I'm a member of the 'friends' of the local library. We're going to have hessian bags printed with a 'friends' logo and sell them at local second hand book sales. 

The company that do the printing charge a fortune for the design so we're trying to do it for ourselves and let them have an electronic 'image'. 

Anyone any experience with this kind of software? Basically we're thinking of a coloured oval with the words 'Use It' in the centre. This would be surrounded by the words 'Friends Of Town X Library' and then underneath the words 'Supported by XYZ Company, Town X'.

I've tried 'Paint' and 'Draw' in Word and find them both unfathomable (maybe if I had a couple of weeks I'd get the hang of it).

Any ideas? Any advice?


----------



## alchemist (Jul 16, 2012)

The oval and words within, above and below could be done fairly easily on Paint. If you want the words above and below to curve like the oval, then Wordart may be the way forward there.


----------



## Erin99 (Jul 16, 2012)

I'd be quite happy to do it for you if you tell me what exactly you want. It would be a quick job for me. 


I'm not at home now, but if you PM me I'll respond later... if you like.


----------



## Metryq (Jul 16, 2012)

Do you know what sort of "electronic image" is needed? This sort of thing is generally done with vector art apps, like Adobe Illustrator.


----------



## mosaix (Jul 16, 2012)

alchemist said:


> The oval and words within, above and below could be done fairly easily on Paint. If you want the words above and below to curve like the oval, then Wordart may be the way forward there.

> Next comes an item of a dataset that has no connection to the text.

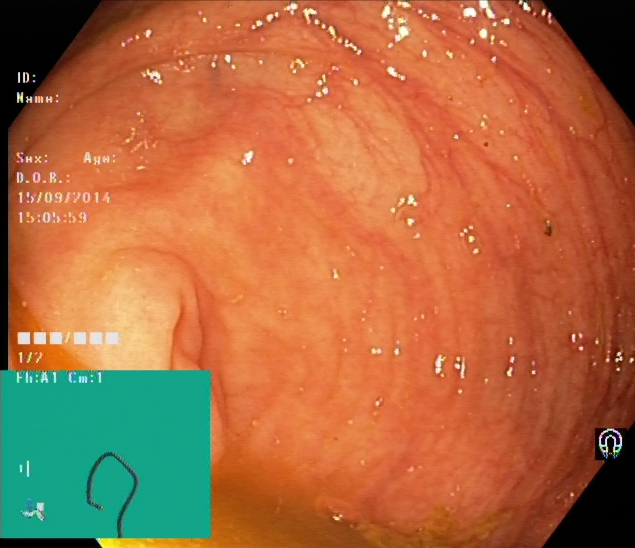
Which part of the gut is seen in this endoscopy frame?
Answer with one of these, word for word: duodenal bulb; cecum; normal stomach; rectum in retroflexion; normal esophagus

cecum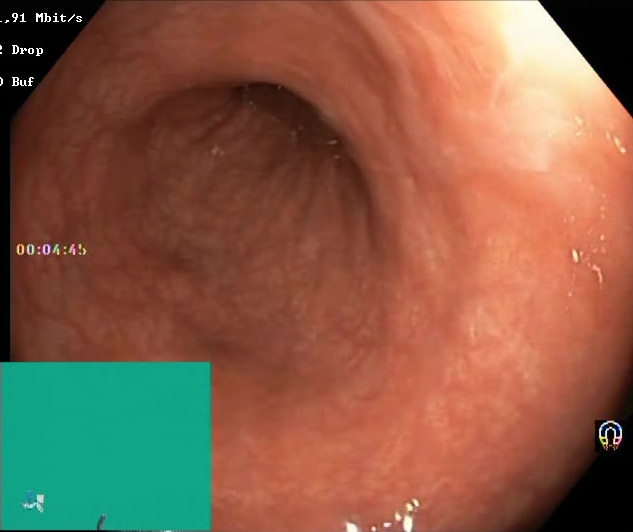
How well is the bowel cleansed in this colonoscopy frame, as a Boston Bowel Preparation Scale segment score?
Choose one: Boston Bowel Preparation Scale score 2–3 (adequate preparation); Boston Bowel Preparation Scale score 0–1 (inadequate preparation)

That's exactly what I've been having trouble with, Alc. I'll have a search for Wordart and see what I come up with. Thanks.



Leisha said:


> I'd be quite happy to do it for you if you tell me what exactly you want. It would be a quick job for me.
> 
> 
> I'm not at home now, but if you PM me I'll respond later... if you like.



Thanks, Leisha. Most grateful. I'll PM you soon. 



Metryq said:


> Do you know what sort of "electronic image" is  needed? This sort of thing is generally done with vector art apps, like  Adobe Illustrator.



I suppose that's the first thing I should have found out.


----------



## Vertigo (Jul 17, 2012)

They'll almost certainly accept a simple JPEG or better TIFF image either of which can be worked on by most packages. We send a fair bit of stuff to printers (in Germany actually) and just email the image to them (I'm afraid I'm not the one that does it). The key thing is usually what resolution image you need, which you should certainly figure before starting.


----------